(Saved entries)

####################

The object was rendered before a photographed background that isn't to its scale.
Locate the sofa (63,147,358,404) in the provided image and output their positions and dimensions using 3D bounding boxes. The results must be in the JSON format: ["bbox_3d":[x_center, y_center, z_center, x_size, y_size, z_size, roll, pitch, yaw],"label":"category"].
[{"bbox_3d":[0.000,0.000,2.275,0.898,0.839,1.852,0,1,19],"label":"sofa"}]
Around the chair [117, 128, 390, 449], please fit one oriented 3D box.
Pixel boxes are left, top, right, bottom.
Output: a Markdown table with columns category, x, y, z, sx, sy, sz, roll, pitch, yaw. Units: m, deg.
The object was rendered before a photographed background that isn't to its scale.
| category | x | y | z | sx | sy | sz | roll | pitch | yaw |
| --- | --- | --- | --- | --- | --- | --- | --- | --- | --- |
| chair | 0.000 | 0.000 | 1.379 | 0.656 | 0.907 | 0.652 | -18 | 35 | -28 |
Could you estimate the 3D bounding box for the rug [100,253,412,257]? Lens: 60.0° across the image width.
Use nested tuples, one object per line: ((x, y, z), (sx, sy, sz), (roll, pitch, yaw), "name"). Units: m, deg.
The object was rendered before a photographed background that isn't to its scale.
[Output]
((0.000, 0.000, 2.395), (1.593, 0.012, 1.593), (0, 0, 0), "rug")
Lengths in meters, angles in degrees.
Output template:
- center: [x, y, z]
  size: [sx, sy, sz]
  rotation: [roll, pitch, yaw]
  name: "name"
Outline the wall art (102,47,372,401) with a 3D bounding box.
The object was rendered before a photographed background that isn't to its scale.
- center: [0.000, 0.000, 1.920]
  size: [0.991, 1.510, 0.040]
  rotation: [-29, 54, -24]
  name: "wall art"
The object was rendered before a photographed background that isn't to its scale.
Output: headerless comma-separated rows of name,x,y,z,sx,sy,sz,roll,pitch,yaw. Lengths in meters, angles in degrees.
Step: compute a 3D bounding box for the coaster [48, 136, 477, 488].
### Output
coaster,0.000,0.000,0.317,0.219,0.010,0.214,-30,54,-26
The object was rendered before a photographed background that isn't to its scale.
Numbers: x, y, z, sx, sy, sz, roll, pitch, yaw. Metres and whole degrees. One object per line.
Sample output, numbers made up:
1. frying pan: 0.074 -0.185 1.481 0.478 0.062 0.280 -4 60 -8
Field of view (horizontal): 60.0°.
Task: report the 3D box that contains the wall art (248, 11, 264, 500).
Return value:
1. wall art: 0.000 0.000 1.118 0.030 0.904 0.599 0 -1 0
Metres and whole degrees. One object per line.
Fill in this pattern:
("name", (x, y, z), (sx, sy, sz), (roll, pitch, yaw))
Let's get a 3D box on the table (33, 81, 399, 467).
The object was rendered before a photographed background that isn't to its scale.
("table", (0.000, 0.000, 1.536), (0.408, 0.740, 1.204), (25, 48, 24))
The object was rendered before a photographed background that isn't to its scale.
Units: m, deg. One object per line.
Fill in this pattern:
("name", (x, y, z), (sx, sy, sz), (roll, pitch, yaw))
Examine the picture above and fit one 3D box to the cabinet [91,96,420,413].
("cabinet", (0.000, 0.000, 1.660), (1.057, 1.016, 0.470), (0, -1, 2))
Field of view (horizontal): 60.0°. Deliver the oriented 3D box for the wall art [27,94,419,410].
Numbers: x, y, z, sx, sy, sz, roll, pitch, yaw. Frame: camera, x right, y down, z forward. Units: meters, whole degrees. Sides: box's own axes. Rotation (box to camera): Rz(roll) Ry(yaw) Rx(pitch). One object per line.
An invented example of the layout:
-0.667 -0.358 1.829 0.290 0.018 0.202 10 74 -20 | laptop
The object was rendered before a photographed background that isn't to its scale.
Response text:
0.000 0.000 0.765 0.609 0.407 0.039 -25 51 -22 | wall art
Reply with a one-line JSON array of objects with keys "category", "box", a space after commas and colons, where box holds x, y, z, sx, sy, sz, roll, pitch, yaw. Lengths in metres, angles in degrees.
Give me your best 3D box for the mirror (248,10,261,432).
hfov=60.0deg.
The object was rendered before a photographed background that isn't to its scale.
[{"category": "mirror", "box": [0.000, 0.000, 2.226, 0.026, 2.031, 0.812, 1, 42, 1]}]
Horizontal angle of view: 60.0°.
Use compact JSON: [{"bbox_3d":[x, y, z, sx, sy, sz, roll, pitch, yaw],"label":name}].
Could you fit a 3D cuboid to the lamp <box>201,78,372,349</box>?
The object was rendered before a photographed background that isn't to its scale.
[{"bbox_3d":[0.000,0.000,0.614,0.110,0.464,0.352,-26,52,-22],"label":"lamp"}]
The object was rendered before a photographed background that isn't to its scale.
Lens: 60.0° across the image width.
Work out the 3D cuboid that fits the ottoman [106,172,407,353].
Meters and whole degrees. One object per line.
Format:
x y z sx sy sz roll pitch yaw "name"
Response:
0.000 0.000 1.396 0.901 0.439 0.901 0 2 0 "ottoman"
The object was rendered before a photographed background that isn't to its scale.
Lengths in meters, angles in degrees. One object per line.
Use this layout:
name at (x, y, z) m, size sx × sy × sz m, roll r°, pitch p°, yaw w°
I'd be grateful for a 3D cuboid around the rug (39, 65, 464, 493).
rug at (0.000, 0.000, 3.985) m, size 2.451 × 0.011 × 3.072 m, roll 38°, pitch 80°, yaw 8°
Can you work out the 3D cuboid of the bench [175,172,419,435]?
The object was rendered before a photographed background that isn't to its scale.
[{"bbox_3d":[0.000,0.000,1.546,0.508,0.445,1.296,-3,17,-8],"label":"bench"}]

####################

__Task to complete__. Copy each line above that contains the word "view".

__Result of the task__.
Field of view (horizontal): 60.0°.
Field of view (horizontal): 60.0°. Deliver the oriented 3D box for the wall art [27,94,419,410].
Horizontal angle of view: 60.0°.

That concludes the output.